Peut on ainsi comparer la France à l’Allemagne ?L’Allemagne a investi massivement en sa réunification payée aussi par leur politique monétaire imposée pré euro (franc fort). Elle est ainsi située d’en tirer bénéfice, et elle n’a toujours pas la casse tête trop importante de défense nationale. Le BCE est aussi chez elle. C’est donc naturel que l’on joue les taux d’intérêt d’abord à sa faveur. (Charity begins at home).

 La France souffre c’est vrai d’au moins 30 ans de quémander et d’amadouer les syndicats à sa perte. Elle souffre des 35 heures et d’autres droits acquis irréversibles. Elle souffre de fait que l’on a belle et bien ôté l’incitation de travailler et d’investir.La France dépend aussi sur son tourisme plus que l’Allemagne. Evidemment un euro fort découragent les touristes anglo-saxons. Le TVA totalement injuste qui doivent accommoder les restaurateurs en France n’apporte pas un trop plein de clients ni aide à réduire le taux de chômage non plus. Inutile aussi à comparer la réputation de la cuisine française et son importance avec celle de l’Allemagne. Le fait que l’on demande et redemande une base de TVA dans ce domaine, est bien évidemment pour une très bonne raison bien justifiée.A cause de sa situation géographique l’exportation outre mer est naturellement plus importante pour la France que ce soit le cas pour l’Allemagne. Un euro trop fort n’y arrange rien là non plus.

 En tous cas et comme j’ai déjà fait allusion, la responsabilité énorme de la politique monétaire européenne ne justifie aucunement une telle constitution accordant une monopole d’un seul gérant d’une seule banque d’un seul pays sur les décisions qui la concernent.

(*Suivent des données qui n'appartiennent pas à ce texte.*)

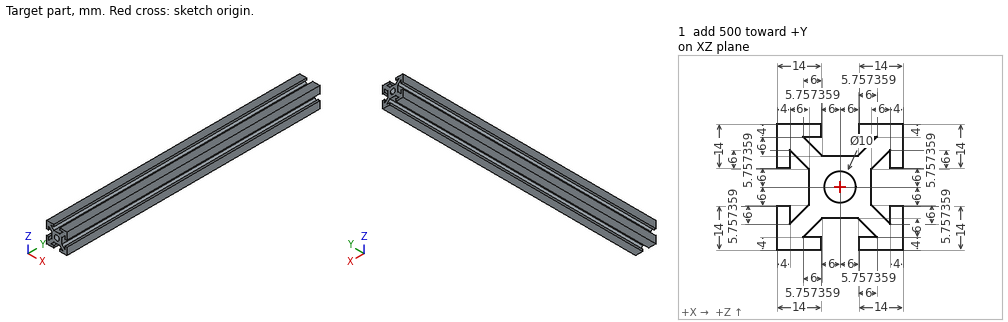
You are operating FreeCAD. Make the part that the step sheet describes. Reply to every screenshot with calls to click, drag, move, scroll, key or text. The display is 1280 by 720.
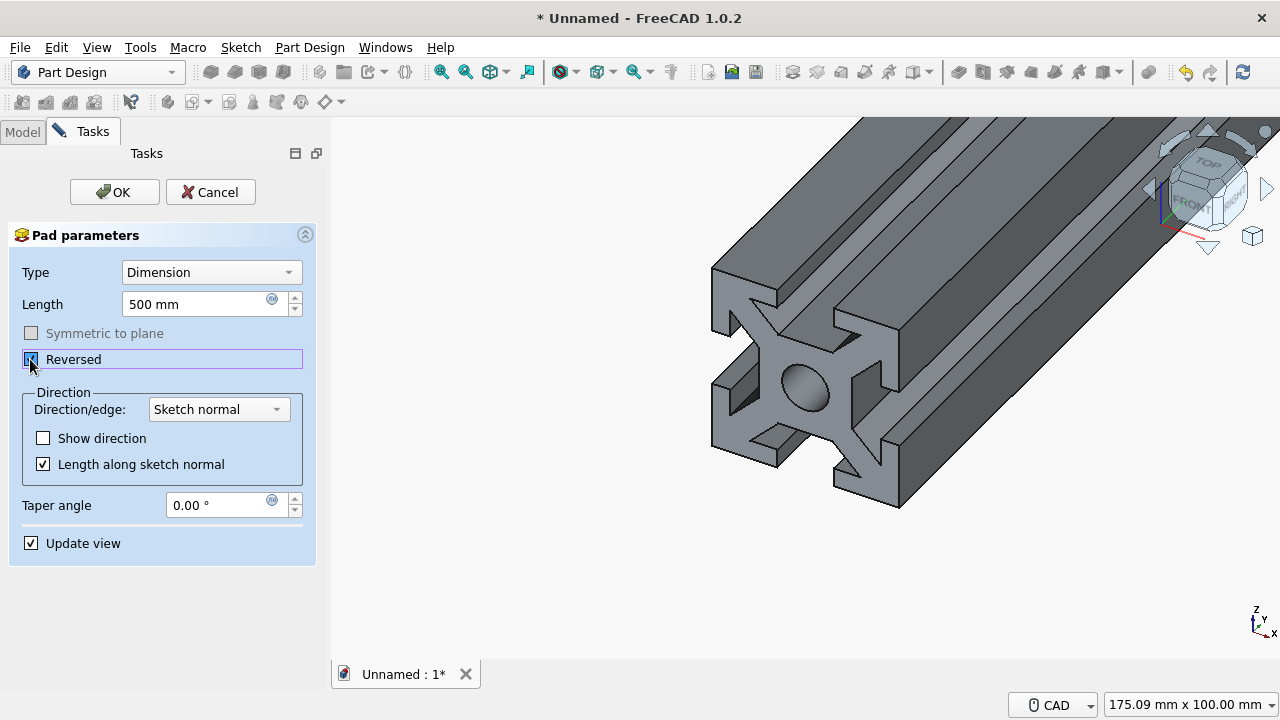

Ce n’a pas de sens cohérent et c’est contre le principe de la démocratie dont l’Europe devrait être fondée dans tous les égards.Si la continuation de cette politique monétaire contribue à rendre encore pire la situation financière aux EU, tout le monde en souffrira par conséquence. Tel est le monde de finance d’aujourd’hui, un peu comme le jeu de dominos. Et si les pays pétroliers décident en masse d’opter pour l’euro au lieu du dollar comme devis de commerce, les conséquences pourraient être catastrophiques pour le monde entier. C’est ce genre de considération qui détermine la responsabilité qui pèse sur les épaules d’un Mr. Trichet dont on se demande sérieusement si il a assez de carrure.

Charles 29/12/2006 11:01

L'Allemagne est un pays pragmatique qui sait se réformer. Leur chance, c'est d'avoir des syndicats constructifs, réalistes et non pas des syndicats archaïques et nourris au marxisme comme la CGT ou SUD. Contrairement à la consternante gauche française, la gauche allemande est sociale-démocrate et entièrement convertie à l'économie de marché. Contrairement aux socialistes français, les socio-démocrates allemands ont définitivement cessé de se mentir à eux-mêmes et de nier les évidences; ils adoptent sans état d'âme les solutions qui marchent pour le plus grand bien de leurs compatriotes.Comme l'Allemagne, la France pourra enfin décoller lorsque les français seront libérés du bourrage de crâne anti-libéral orchestré par quelques officines d'extrême-gauche et abondamment relayé par les medias.